Quote Originally Posted by ginger View Post
I'm sure I just said that, but, yes , that is exactly what I do . No need to reiterate the position I have already made clear. Were I not to do this , I would not know , and could not know, what contribution was made to pain and dysfunction from neuralgic means. Clearing tests are virtually useless, have always been so. One cannot percieve referred pain in a way that would identify it as such, tests for joint function routinely offer false postives when blurred by neural interference. The logic of spine first makes more sense of course once you have seen this approach work over and over again. With the experience of having reduced and eliminated pain and dysfunction hundreds and hundreds of times in the face of diagnoses including OA, tenosynovitis , frozen shoulder , PFS, migraine, achilles tendinosis, shin splints , tennis elbow, Ilio tibial band synd. etc etc etc . It is clear to those who approach MSK problems this way , that desigated pathology does not , by itself, exclude the possibility that these signs are less relevant , in the aetiology of pain , than neurology . One only has to treat a few people with so called iliotibial band syndrome by twenty minutes of L4 mobs to witness the elimination of this referred event to have a taste for this approach.

Do you ever use planning sheets during your subjective assesment to write down your thoughts on : 3 key diagnoses then what it could be and might be ?
I know this detracts from the original thread but I don't understand your reasoning for the majority of problems arising centrally rather than perif.

In particular your thoughts on OA.

Think about a footballer with early onset OA...
In particular a footballer with no preivous injuries who sustained medial meniscal damage and subsequently showed with OA on Xray a year or 2 after the injury.

Where is the neural component in this?
I think you're right, at this stage there would be a component- but I don't think your reasoning for why it is there is the same as mine.
I would think that there would be compensatory postural adjustments, ie decreased weight bearing on injured side, decreased strenth, having a 'knock on' effect at the back.
This in turn may 're-refer' (if you can put it like that!) as well.

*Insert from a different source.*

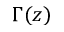Convert formula to latex. <formula><loc_0><loc_0><loc_500><loc_500>\Gamma ( z )</formula> 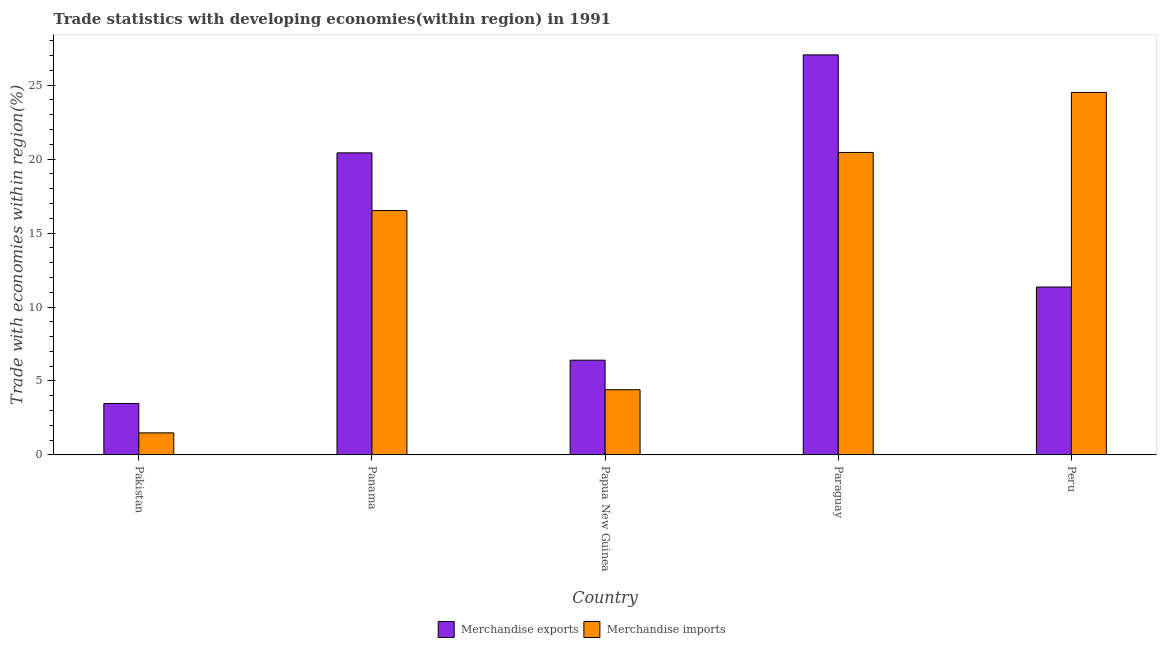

I don't think always the neuro is the issue and i don't think it's appropriate to go in a treat this and only treat this.
Treat the cause of problem, in this case, weak quads, hams, glut med etc strengthen the knee, propriception, correct posture and you won't get secondary Lx problems and Lx neuro.
You may be reaching the stage where there is a combination, but perhaps not targeting the No. one problem on your planning sheet!